* [Information given]:
####################
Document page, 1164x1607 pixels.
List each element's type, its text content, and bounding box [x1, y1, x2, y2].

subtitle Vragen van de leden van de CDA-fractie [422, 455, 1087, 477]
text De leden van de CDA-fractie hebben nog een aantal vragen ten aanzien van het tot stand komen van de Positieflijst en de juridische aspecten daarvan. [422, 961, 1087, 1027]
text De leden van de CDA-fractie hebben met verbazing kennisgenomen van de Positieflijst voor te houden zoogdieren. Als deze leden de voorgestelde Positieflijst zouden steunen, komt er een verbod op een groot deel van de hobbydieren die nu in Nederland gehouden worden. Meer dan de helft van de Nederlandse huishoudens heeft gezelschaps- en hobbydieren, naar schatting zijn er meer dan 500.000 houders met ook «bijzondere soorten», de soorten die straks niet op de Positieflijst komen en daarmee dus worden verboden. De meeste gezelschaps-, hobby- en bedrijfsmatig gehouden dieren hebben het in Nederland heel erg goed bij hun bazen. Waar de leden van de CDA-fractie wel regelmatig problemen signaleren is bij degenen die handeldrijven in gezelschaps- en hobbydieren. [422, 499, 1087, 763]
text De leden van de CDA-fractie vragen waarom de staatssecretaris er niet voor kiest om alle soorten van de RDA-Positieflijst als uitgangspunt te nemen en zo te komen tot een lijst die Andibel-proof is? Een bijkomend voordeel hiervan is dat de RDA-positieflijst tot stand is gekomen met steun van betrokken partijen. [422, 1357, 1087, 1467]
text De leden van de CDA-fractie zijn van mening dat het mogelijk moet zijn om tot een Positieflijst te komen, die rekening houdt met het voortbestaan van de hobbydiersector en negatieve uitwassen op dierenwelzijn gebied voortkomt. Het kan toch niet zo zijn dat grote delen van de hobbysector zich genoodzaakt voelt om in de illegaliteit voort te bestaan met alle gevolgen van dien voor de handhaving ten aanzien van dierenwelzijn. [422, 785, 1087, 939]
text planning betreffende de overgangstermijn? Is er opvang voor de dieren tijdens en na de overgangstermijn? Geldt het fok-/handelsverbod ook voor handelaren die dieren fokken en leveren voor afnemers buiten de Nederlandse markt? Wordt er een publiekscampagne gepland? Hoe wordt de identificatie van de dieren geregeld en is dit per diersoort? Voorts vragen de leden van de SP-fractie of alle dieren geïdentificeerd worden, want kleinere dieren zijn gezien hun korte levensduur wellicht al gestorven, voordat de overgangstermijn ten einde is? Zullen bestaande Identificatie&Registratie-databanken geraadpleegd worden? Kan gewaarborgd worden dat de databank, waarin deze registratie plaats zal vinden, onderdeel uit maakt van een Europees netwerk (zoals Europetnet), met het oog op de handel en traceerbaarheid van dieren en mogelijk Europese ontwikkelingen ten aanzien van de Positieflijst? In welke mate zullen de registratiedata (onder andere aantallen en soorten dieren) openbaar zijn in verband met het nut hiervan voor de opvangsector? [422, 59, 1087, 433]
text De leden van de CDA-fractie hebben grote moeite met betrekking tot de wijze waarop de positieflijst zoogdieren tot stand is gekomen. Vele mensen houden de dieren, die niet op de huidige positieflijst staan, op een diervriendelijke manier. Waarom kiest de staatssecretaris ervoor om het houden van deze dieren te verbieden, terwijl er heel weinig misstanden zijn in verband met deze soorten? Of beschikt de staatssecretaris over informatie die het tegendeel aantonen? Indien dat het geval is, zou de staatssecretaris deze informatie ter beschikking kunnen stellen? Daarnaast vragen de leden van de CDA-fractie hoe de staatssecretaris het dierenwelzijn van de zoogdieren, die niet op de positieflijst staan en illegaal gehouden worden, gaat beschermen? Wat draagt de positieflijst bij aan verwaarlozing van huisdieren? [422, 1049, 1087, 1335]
####################
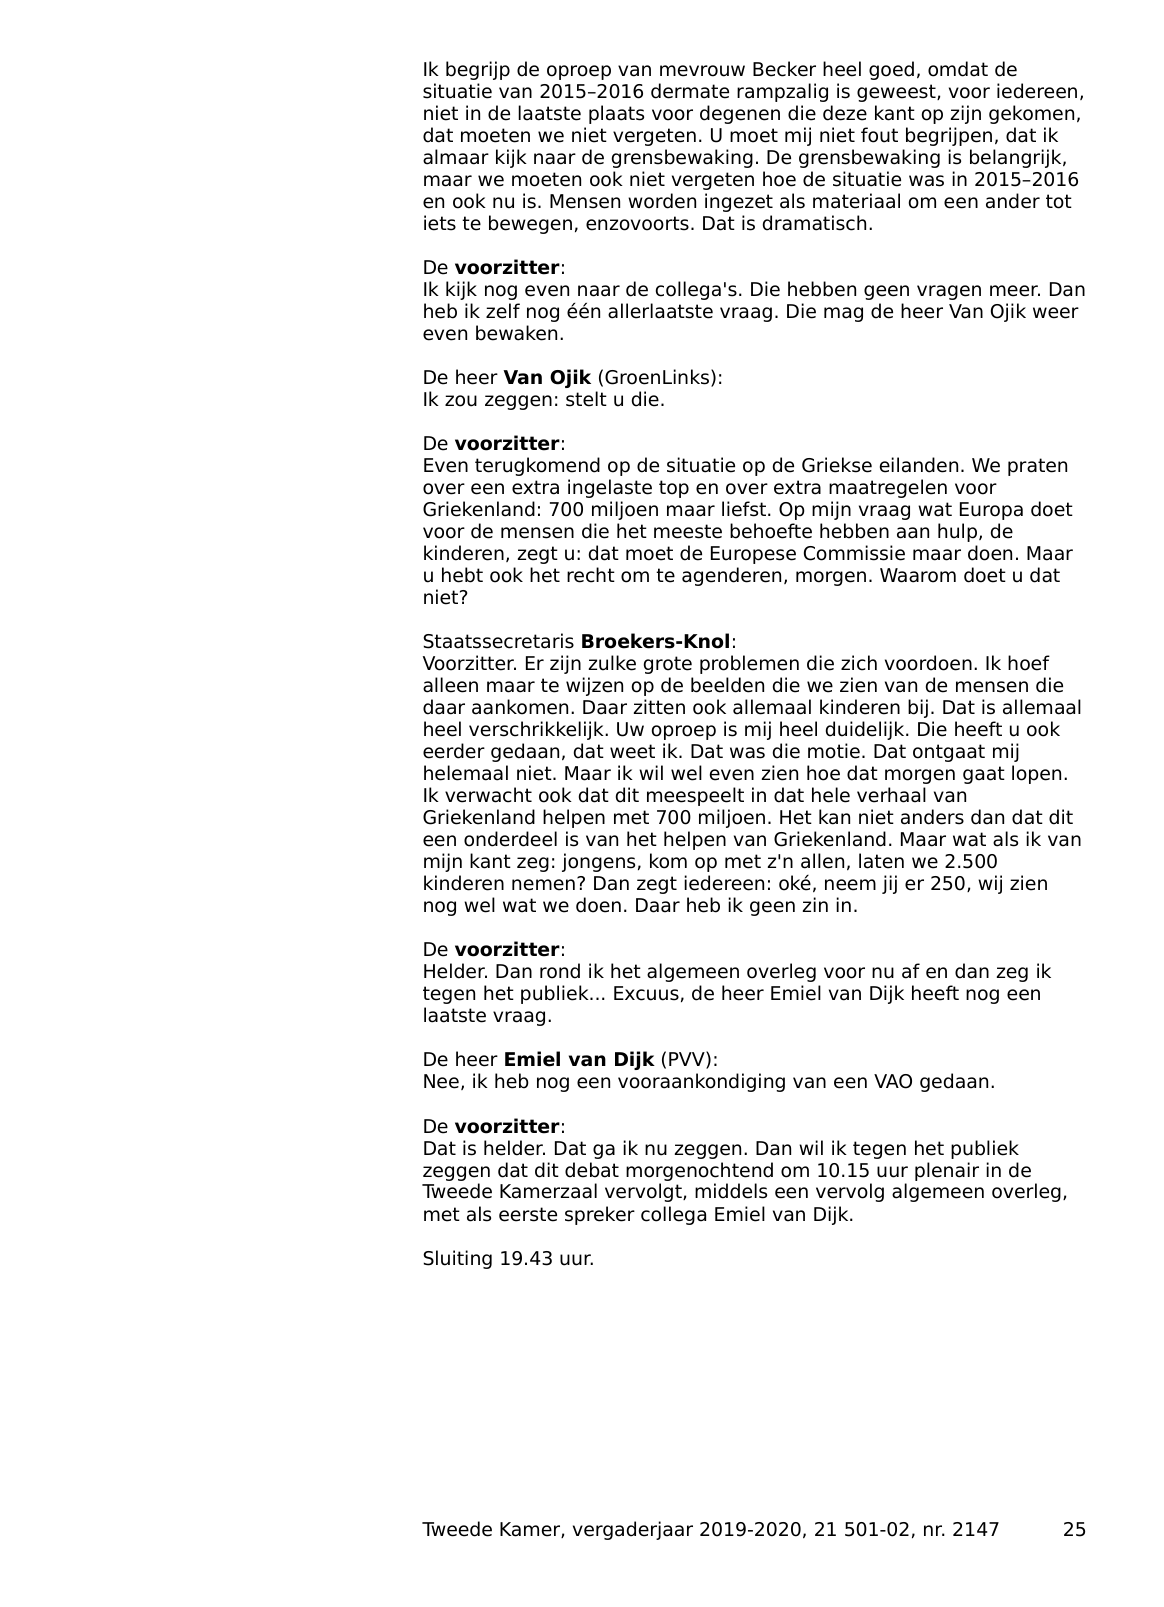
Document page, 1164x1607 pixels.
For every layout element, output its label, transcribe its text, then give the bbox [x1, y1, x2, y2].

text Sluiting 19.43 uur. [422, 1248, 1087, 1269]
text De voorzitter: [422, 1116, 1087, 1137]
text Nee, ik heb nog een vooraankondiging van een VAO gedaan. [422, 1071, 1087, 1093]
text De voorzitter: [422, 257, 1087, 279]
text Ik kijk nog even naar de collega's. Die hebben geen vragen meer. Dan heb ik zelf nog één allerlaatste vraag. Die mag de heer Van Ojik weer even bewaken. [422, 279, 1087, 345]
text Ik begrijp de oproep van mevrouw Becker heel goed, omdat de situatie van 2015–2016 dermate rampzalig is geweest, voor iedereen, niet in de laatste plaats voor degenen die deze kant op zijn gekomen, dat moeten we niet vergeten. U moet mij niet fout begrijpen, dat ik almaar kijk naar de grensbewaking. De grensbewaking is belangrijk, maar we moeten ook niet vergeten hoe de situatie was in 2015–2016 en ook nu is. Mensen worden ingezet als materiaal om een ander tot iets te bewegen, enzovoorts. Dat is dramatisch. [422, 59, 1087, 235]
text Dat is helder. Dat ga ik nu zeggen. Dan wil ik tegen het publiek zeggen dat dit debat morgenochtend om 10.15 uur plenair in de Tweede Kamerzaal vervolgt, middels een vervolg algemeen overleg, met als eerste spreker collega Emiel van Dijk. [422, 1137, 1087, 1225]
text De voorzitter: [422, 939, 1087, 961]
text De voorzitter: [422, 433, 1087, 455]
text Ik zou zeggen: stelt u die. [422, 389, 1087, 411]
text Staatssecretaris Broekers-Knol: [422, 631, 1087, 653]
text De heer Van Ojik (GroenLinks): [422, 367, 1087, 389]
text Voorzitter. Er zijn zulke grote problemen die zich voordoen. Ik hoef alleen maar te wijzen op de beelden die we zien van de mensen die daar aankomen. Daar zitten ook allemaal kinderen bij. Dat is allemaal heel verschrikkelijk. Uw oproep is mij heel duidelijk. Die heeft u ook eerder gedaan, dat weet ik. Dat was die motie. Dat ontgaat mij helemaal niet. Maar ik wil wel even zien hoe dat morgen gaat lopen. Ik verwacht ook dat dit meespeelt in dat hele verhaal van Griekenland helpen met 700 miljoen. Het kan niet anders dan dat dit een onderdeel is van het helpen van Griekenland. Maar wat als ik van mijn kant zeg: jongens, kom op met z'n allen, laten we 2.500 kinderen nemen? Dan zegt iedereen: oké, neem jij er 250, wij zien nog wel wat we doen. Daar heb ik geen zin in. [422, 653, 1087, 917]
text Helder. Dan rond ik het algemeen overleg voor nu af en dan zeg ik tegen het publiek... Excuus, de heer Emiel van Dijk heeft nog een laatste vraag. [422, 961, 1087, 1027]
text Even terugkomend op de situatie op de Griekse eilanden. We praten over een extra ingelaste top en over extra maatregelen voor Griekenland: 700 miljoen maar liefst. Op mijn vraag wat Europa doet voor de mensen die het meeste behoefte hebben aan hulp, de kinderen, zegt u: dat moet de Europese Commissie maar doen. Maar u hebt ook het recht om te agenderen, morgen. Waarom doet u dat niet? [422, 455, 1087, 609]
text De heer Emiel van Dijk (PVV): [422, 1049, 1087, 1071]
####################
* [Your objective]: Within the data above, the span starting at the line containing "subtitle Vragen van" and ending at the line containing "text De leden van de CDA-fractie zijn" is to be retyped exactly, with no other lines.

* [Task response]:
subtitle Vragen van de leden van de CDA-fractie [422, 455, 1087, 477]
text De leden van de CDA-fractie hebben nog een aantal vragen ten aanzien van het tot stand komen van de Positieflijst en de juridische aspecten daarvan. [422, 961, 1087, 1027]
text De leden van de CDA-fractie hebben met verbazing kennisgenomen van de Positieflijst voor te houden zoogdieren. Als deze leden de voorgestelde Positieflijst zouden steunen, komt er een verbod op een groot deel van de hobbydieren die nu in Nederland gehouden worden. Meer dan de helft van de Nederlandse huishoudens heeft gezelschaps- en hobbydieren, naar schatting zijn er meer dan 500.000 houders met ook «bijzondere soorten», de soorten die straks niet op de Positieflijst komen en daarmee dus worden verboden. De meeste gezelschaps-, hobby- en bedrijfsmatig gehouden dieren hebben het in Nederland heel erg goed bij hun bazen. Waar de leden van de CDA-fractie wel regelmatig problemen signaleren is bij degenen die handeldrijven in gezelschaps- en hobbydieren. [422, 499, 1087, 763]
text De leden van de CDA-fractie vragen waarom de staatssecretaris er niet voor kiest om alle soorten van de RDA-Positieflijst als uitgangspunt te nemen en zo te komen tot een lijst die Andibel-proof is? Een bijkomend voordeel hiervan is dat de RDA-positieflijst tot stand is gekomen met steun van betrokken partijen. [422, 1357, 1087, 1467]
text De leden van de CDA-fractie zijn van mening dat het mogelijk moet zijn om tot een Positieflijst te komen, die rekening houdt met het voortbestaan van de hobbydiersector en negatieve uitwassen op dierenwelzijn gebied voortkomt. Het kan toch niet zo zijn dat grote delen van de hobbysector zich genoodzaakt voelt om in de illegaliteit voort te bestaan met alle gevolgen van dien voor de handhaving ten aanzien van dierenwelzijn. [422, 785, 1087, 939]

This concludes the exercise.